Who knows what will change next week...


----------



## edelweiss (Apr 23, 2010)

Oh Michelle, I am so sorry!
I don't exactly understand why you would stay 6 wks. in hospital. Isn't it normal to go for the day & then go home in the US? My friend in CO. is doing that. She had a double mastectomy & reconstruction at the same time, & now is going for the day for chemo for 6 treatments. 
I sure hope I misunderstood your msg.


----------



## michellerobison (Dec 17, 2009)

I live over 90 miles from any place to do radiation and chemo so they will have me stay there through the week, could go home on week ends... Al has Thursday and Friday off... but works week ends so I'll get to see him a little bit and be home with the fluffers..


----------



## Summergirl73 (Sep 18, 2011)

Oh that is not good news.  I'm so sorry. Praying everything goes smoothly from here forward for you. Big hugs.


----------



## educ8m (May 19, 2010)

Michelle, I'm so sorry! During such a difficult time is when you need the comfort of your family and fluffs. How terrible that you won't have that comfort for six weeks! Sending lots of prayers your way.


----------



## maltese manica (Nov 6, 2012)

Michelle I am sorry! Big hugs................... just wish the fluffs could be with you


----------



## edelweiss (Apr 23, 2010)

Oh Weh! I don't know how that is going to work Michelle---it is just too long to be away from the people closest to you & your babies. I think we need a miracle here!


----------



## wkomorow (Aug 26, 2011)

So sorry. Is there a rehab facility closer to your house that you can recoop in?


----------



## Leila'sMommy (Oct 20, 2012)

I'm so sorry you're having to go through all that! Try to enjoy your holidays with your family though and think of it as getting all of that done and out of the way the beginning of the year so you can enjoy the rest of the year being healthy again. 

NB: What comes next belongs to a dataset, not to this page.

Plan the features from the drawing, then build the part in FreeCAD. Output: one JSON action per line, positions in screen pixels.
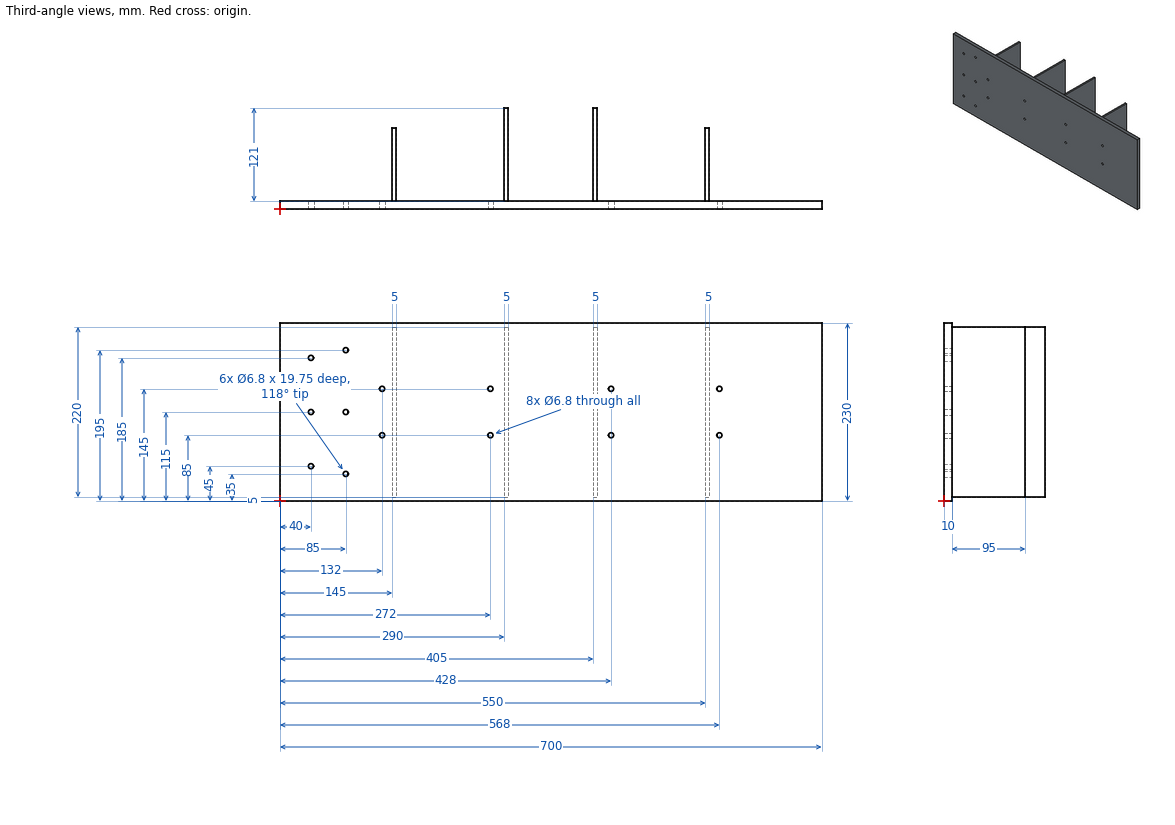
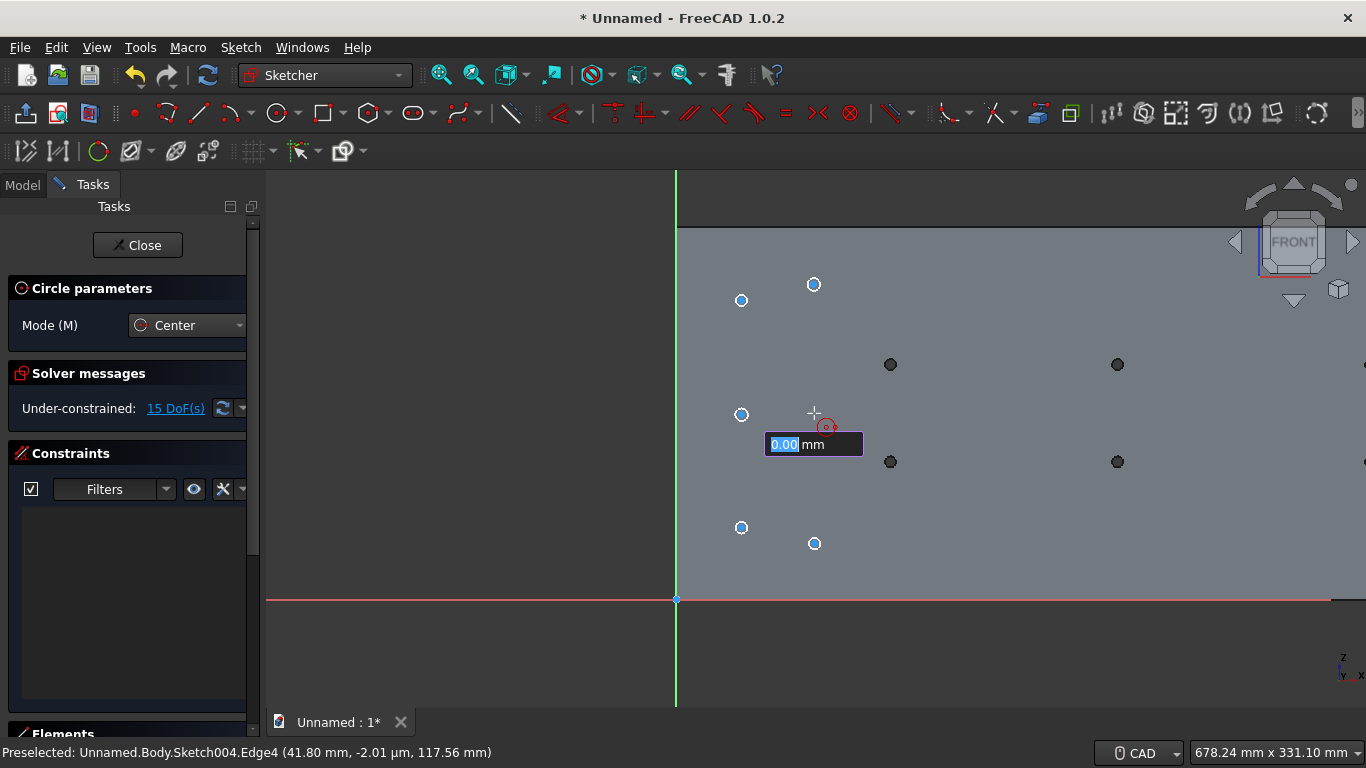
{"action": "scroll", "coordinate": [818, 409], "scroll_direction": "up", "scroll_amount": 6}

Sent from Petguide.com Free App


----------



## mss (Mar 1, 2006)

Could your husband get you two a hotel with kitchenette for his visits, and bring the dogs?  That might be easier on you physically. I grew to hate seat belts across my chest! (But I didn't have a mastectomy, just several areas removed.)

Gentle cyberhugs for you. :grouphug:


----------



## Grace'sMom (Feb 22, 2012)

Will send extra special prayers.

I'm sorry it will be such a long stay away. Will pray the time passes quickly and your treatment is successful.


----------



## hoaloha (Jan 27, 2012)

I'm so sorry, Michelle  it really stinks that you'll be away from home through most of the treatment but I do hope and pray that you receive the BEST care you can and fully recover. :hugs:


----------



## donnad (Aug 22, 2006)

I am sorry. Continued prayers for you.


----------



## ladodd (Jan 8, 2012)

Sorry, but that does suck. I'm with the excellent suggestion of Al getting a hotel so you can see the babies occasionally. Seeing the pups would probably be the best therapy. We will all be thinking and praying for you, Al and the pups. Have you read the article in this week's People magazine about Amy Robach? It's pretty good.


----------



## lynda (Oct 11, 2005)

rayer:rayer:rayer:


----------



## Sylie (Apr 4, 2011)

That was a good idea from mss. You could spend time with the family, while it feels like a vacation. I don't know what to say....just sending you hugs and well wishes.


----------



## spookiesmom (Mar 28, 2010)

The bmx, while not a cake walk, is the easiest part of treatment. Honest. The chemo drags you down, and rads, well, it's tireing to go Every. Darn. Day. It might really be easier to get a room and just ride out the storm. 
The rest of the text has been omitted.